He looked her over. “How are you feeling? And at least sit down.”
Jennifer didn’t argue with that, sinking into a chair, her hand going to her hair as if worried that it was coming down from its severe ponytail. “I feel tired,” she said. “And I ache all over, but I suspect that’s from tensing up so much when — when I was being fed on. I took some ibuprofen, so I’m, you know, good.”
“It’s a tremendous shock,” Carson said. “And, before you say it, I know Todd healed you, but I also treated Colonel Sheppard when the same thing happened to him. It can be a difficult experience in more ways than just physically. It wouldn’t be a bad idea for you to schedule some time with Dr. Robinson.”
“I will if it bothers me, but…” Jennifer shrugged. “I mean, I’m not saying it wasn’t pretty awful, but I wanted to do this. I knew…well, maybe not exactly what I was getting into, but I knew what was going to happen, and I knew it was going to hurt. It was my choice. I think that makes it a little different from being tortured.” She shrugged again, and looked away. “There were only a few moments where I really thought I was going to die.”
Carson let out a breath. “That’s the problem with doctors as patients,” he said. “They’re every bit as stubborn as these great strapping soldiers.”
Jennifer’s mouth twitched in a smile. “Oh, we’re not that bad,” she said.
“Worse,” Carson said. “I’m so tired of this bloody sling that I’d have come down to complain about it if I weren’t trying not to add to your stress.”
“I’ll take a look later, but I’m not expecting miraculously rapid healing,” Jennifer said. “Unless you can get Todd to arrange that for you.”
Carson repressed a shudder. “I’ll pass on that,” he said.

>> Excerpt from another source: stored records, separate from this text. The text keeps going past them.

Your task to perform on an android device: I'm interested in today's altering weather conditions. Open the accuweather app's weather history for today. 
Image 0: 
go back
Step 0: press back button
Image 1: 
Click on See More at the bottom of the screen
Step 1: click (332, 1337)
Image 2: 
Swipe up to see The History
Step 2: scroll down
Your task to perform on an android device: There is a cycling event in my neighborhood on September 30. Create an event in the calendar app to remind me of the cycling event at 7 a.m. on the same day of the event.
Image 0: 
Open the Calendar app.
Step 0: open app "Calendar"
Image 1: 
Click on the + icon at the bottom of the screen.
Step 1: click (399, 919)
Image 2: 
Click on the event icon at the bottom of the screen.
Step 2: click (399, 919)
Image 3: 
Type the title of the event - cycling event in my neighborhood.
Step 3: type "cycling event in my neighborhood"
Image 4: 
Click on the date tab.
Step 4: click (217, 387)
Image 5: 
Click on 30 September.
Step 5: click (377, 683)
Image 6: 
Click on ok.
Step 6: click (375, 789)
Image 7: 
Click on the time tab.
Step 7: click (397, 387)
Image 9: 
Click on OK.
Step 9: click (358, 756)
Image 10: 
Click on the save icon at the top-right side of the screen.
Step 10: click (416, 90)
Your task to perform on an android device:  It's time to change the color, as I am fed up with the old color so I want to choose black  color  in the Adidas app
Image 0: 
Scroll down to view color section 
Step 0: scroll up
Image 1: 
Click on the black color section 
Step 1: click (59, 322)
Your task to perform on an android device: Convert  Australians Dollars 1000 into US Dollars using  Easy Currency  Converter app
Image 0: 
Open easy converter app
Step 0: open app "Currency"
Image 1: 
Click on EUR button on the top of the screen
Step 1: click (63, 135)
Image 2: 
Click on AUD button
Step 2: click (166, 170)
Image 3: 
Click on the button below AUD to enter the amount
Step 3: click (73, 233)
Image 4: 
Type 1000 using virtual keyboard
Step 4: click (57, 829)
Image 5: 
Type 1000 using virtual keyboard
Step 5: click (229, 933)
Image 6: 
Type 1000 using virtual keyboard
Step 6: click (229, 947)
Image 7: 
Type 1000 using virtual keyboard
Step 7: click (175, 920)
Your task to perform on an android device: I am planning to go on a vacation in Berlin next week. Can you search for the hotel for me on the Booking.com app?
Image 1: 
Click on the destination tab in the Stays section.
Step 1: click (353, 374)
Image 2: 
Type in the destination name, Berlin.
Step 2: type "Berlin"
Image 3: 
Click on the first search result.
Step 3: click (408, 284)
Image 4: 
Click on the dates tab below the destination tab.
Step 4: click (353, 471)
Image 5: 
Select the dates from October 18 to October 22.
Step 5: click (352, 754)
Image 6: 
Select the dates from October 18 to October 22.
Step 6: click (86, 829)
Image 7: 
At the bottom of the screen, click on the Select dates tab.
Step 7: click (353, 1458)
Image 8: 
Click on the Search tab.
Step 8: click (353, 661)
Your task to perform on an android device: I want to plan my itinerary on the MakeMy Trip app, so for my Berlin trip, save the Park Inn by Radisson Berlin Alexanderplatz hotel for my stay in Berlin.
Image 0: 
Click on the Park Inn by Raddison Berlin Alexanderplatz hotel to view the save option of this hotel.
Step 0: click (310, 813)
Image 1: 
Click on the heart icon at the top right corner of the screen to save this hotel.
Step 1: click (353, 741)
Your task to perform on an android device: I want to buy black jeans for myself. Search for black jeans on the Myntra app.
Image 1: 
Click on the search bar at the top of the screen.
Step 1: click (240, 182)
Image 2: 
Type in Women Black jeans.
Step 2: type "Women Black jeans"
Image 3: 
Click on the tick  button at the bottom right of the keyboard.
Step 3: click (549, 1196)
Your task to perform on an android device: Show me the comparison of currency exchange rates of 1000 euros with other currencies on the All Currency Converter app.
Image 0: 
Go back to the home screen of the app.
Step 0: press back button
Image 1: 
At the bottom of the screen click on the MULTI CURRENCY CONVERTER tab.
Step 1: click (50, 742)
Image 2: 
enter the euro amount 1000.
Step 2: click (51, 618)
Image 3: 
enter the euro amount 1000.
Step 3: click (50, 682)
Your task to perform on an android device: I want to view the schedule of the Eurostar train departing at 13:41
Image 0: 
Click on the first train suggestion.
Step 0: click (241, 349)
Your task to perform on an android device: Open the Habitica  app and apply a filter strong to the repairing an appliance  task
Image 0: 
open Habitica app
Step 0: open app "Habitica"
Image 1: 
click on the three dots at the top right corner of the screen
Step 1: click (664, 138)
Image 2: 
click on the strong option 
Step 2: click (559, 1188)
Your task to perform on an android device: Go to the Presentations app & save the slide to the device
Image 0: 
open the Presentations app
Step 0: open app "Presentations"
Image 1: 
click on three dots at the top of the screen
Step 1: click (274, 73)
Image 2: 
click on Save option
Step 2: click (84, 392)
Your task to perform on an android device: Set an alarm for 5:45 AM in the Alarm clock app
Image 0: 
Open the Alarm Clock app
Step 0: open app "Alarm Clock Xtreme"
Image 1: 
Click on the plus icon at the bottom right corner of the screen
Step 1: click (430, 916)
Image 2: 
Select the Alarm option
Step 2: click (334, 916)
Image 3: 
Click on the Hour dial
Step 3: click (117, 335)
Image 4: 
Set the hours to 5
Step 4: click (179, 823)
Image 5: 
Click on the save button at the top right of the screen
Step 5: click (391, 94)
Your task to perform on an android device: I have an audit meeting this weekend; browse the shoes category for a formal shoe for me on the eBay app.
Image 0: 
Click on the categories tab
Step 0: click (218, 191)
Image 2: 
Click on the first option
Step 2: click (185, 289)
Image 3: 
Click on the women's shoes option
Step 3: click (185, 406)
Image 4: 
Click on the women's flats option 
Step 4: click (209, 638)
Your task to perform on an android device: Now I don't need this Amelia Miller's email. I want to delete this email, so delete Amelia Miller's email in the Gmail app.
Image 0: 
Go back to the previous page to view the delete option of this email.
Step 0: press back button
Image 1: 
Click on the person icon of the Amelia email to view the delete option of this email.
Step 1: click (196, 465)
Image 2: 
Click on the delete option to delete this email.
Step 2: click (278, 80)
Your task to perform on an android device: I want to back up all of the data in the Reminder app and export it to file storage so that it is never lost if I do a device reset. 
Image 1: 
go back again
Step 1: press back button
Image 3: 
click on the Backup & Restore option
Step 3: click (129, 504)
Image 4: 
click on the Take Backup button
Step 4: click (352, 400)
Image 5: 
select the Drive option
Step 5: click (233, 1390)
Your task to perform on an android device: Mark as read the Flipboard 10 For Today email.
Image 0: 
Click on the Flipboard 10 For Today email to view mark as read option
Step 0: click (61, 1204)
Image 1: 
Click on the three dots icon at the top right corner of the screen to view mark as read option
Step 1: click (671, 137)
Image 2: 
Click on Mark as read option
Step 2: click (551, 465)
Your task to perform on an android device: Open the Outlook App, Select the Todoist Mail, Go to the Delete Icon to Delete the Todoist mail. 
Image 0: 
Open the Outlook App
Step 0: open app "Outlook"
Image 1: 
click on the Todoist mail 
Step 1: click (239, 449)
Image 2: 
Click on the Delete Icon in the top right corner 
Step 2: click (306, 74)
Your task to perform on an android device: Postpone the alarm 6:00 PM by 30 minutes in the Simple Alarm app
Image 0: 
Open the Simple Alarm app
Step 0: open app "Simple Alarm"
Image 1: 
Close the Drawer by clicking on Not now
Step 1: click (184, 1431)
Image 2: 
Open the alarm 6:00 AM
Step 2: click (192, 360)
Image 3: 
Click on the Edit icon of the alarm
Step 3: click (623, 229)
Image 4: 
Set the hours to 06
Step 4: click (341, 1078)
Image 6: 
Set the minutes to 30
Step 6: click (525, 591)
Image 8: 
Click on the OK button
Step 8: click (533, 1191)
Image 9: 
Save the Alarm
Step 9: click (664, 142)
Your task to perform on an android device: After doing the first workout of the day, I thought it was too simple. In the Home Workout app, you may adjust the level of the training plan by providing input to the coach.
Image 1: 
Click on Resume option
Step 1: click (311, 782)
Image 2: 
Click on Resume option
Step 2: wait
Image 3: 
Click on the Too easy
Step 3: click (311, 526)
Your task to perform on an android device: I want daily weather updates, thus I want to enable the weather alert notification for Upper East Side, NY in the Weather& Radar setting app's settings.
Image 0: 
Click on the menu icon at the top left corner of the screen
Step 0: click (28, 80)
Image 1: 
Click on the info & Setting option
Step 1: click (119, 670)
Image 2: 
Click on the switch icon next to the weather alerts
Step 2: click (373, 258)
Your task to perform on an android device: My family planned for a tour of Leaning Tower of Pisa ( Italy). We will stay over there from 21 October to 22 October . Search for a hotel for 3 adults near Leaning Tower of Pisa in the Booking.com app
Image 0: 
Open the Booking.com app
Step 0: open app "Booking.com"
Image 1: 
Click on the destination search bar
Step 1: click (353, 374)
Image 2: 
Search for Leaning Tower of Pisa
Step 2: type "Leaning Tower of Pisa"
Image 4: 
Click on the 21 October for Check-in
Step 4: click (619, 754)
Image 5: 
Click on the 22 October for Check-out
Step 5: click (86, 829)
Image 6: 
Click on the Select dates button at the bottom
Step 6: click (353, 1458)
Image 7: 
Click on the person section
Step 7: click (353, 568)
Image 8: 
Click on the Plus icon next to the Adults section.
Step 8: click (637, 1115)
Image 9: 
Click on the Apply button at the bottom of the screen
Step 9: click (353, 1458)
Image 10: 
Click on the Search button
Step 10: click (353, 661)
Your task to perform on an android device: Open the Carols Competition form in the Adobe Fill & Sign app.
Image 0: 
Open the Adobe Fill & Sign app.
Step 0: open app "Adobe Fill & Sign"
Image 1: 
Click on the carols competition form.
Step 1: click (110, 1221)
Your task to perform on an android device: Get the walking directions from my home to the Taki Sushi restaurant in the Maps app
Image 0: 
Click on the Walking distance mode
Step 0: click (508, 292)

He still remembered all too clearly having Michael close enough to touch him, and had no desire to be that close to any of the other Wraith. “Anyhow, I’ve had the Hoffan drug, remember? I can’t be fed on without the Wraith dying of it.”
“I know,” Jennifer said. “That’s why the next trial has to be me again.”
“Oh, no, you don’t,” Carson said. “You can’t imagine we’re going to let you do this again.”
“Nothing’s changed,” Jennifer said. “We still need to know if there’s any way to make this work. I have some ideas about what went wrong, and, believe me, I’m going to run all the simulations I can, but at some point we’re going to have to test this again. And I can’t ask anyone else to go through being fed on as a test.”
“Well, to start with, we know that your best try at a prototype didn’t work,” Carson said. “For all you know, this could be just one more blind alley.”
“If we always gave up the first time something didn’t work—”
“We’d have saved ourselves no end of grief trying to genetically modify the Wraith,” Carson said a little sharply.
“And let a lot of other people die,” Jennifer said. “Come on, the answer can’t be ‘we should always give up every time we have problems.’”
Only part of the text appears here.